What do we really want our retirement years to be like, and how much will that cost us? How much retirement income do we really need? We can get insights into these questions from famed humanist psychologist Abraham Maslow, who created a framework of human needs now popularly known as Maslow's "hierarchy of needs."

Maslow contended that most of us have a fundamental set of physiological and safety needs regarding food, shelter, sleep, property, and resources necessary for living that take first priority. Once we satisfy these basic needs, we can then devote time and attention to additional needs involving love and belonging, such as friendship, family, and sexual intimacy.

We then have the potential to satisfy a higher level of needs that Maslow labeled "esteem," involving confidence, achievement, and respect. Maslow called the last, highest level of needs "self-actualization," and these include morality, creativity, problem-solving, and acceptance. Here's a more detailed description and a graphic depiction of this hierarchy from WikiPedia.
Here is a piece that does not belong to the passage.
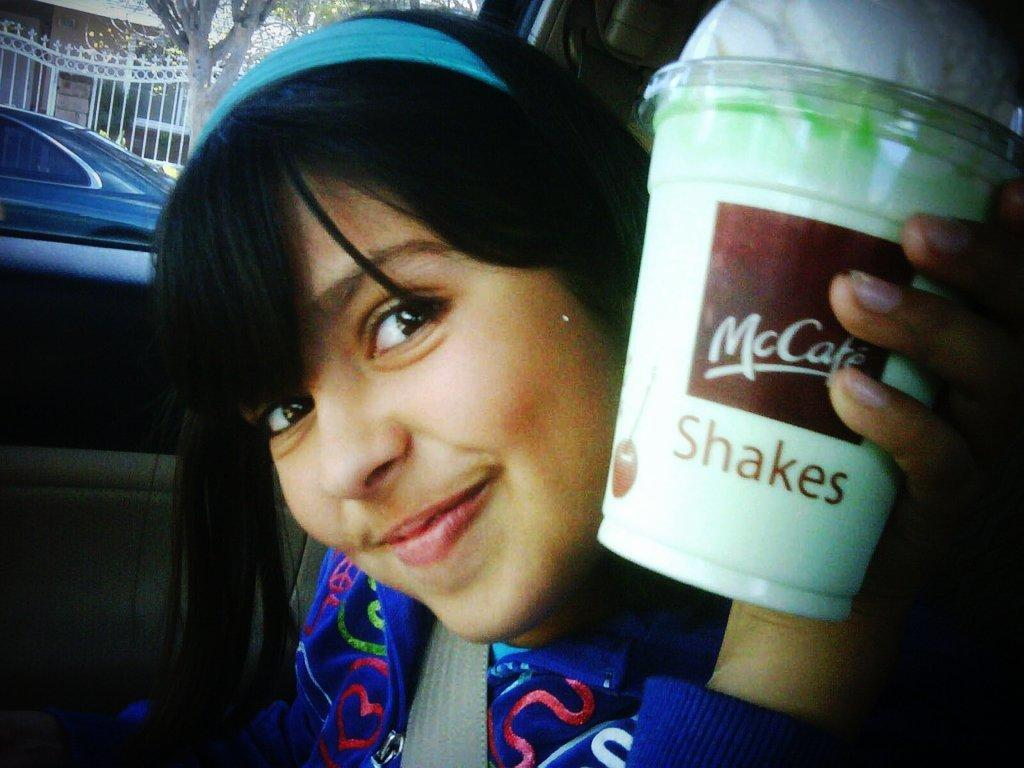Who is present in the image? There is a woman in the image. What is the woman doing in the image? The woman is smiling in the image. What is the woman holding in her hand? The woman is holding a disposable tumbler in her hand. What can be seen in the background of the image? There are trees, grills, a building, and a motor vehicle in the background of the image. Where is the goat located in the image? There is no goat present in the image. What type of shirt is the woman wearing in the image? The provided facts do not mention the type of shirt the woman is wearing, so we cannot answer this question definitively.

According to Maslow's theory, it's difficult to pay much attention to your higher-order needs when your lower-order needs are threatened. And that can happen pretty easily in our retirement years if we don't have sufficient retirement income or retirement savings to satisfy our basic needs for shelter, food, health and so on. Given this scenario, how can we apply these insights to planning for our retirement years? I have two suggestions:

    1. Spend the least amount of money necessary to do a good job of satisfying your lower-order needs, which usually include housing, transportation, food, and medical care. Here's where some careful judgment is needed, as it's possible to spend much more on housing, transportation, and food than what we really need to be satisfied.
    2. According to Maslow, life gets really good when we're satisfying the top three level of needs: love and belonging, esteem and self-actualization. Take a long, hard look at just what it will take you to satisfy those needs. More specifically, ask yourself how much money you think it will cost. It's quite possible that it won't take as much as you think. It's also possible you can work and earn wages doing something that satisfies one of these higher order needs -- now that's really win-win!
      Advertising can be very persuasive, telling us we can buy our way to happiness and fulfillment. Ads may try to convince you that a bigger house, a flat-screen TV, or the latest car will help you achieve life satisfaction. But those items aren't in Maslow's upper levels of needs, which is a fancier way of saying that money can't buy you happiness. So just tune out the ads and pay attention to your own needs.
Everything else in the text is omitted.